= Martha Parsons =

Martha Parsons (December 6, 1869 – March 19, 1965) was an American businesswoman who worked for Landers, Frary & Clark, eventually becoming executive secretary. She was inducted into the Connecticut Women's Hall of Fame in 2010.

== Biography ==
Parsons was born on December 6, 1869, to John and Juliette Allen Parsons. Her father was a prosperous merchant who died in 1880. Later she graduated from Enfield High School. One of the first to learn Gregg shorthand, Parsons took a job with Morgan Envelope Company, earning $10-$12 a week as a stenographer.

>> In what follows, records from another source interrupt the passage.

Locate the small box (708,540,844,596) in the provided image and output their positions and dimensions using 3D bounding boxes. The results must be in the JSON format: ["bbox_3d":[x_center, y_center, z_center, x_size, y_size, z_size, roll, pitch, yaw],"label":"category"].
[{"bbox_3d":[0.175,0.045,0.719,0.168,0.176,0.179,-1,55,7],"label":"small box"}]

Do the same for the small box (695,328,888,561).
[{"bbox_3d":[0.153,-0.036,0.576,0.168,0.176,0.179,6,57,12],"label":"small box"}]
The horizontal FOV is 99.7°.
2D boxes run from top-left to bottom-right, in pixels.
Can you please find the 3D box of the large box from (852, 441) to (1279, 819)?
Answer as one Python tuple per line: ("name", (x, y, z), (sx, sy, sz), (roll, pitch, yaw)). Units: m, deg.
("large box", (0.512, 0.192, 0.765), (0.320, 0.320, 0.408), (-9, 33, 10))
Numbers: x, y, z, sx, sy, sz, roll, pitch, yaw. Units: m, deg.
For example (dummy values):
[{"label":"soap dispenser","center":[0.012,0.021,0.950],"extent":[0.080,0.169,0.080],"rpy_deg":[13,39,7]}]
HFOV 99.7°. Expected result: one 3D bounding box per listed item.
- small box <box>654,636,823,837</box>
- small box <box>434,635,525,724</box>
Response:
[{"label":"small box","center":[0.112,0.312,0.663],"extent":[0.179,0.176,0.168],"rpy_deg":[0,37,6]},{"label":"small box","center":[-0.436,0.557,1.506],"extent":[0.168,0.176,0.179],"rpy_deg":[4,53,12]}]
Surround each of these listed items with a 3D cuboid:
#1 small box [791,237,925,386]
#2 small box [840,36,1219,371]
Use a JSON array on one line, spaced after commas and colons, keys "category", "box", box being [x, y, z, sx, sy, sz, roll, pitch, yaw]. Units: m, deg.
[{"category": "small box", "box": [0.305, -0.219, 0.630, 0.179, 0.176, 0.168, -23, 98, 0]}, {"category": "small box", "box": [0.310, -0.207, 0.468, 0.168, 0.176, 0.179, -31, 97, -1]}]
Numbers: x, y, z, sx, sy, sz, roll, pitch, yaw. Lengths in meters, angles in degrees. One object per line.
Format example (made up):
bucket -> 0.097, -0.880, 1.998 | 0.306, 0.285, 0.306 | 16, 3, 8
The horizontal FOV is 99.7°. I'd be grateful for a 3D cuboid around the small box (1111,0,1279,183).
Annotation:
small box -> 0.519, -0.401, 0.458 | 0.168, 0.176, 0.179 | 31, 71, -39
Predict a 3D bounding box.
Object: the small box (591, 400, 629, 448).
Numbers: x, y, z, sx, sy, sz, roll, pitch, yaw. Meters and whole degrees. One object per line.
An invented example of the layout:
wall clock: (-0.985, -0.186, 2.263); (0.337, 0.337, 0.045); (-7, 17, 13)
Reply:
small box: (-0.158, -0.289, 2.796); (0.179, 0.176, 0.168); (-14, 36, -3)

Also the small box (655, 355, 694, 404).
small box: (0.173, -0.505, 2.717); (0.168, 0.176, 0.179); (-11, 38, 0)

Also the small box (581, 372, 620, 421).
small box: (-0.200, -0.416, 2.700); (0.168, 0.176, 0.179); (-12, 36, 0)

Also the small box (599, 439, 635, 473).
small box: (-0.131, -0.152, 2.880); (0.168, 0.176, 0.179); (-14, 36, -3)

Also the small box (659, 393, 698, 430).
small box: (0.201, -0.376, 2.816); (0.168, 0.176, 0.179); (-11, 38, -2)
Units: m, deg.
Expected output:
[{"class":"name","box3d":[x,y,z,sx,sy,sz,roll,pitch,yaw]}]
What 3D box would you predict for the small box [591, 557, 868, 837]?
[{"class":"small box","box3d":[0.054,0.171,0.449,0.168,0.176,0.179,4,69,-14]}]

In 1893, she was hired by Landers, Frary & Clark, based in New Britain, Connecticut. By 1912, she was the company's executive secretary, becoming the "first female business executive in Connecticut's history to earn her position on the basis of merit." Parsons signed her mail "M. A. Parsons" so that people she was interacting with would not know that she was a woman. In 1917, she founded the universal war relief association at Landers.

Martha Parsons held her position at Landers, Frary & Clark until her retirement in 1919. She then moved to New Hartford, Connecticut in order to live with her sisters Julia and Mary. In 1928, Parsons hired Ethel Rebecca Twining to work in the house. The two women developed a strong friendship, and Twining was even included in Parsons' will, until Twinning died.

Parsons died in 1965, leaving her house to the local historical society. Her home, built in 1782 by John Meacham, is now a site on the Connecticut Women's Heritage Trail. The house was originally called Sycamore Hall, but was renamed Parsons House after Martha.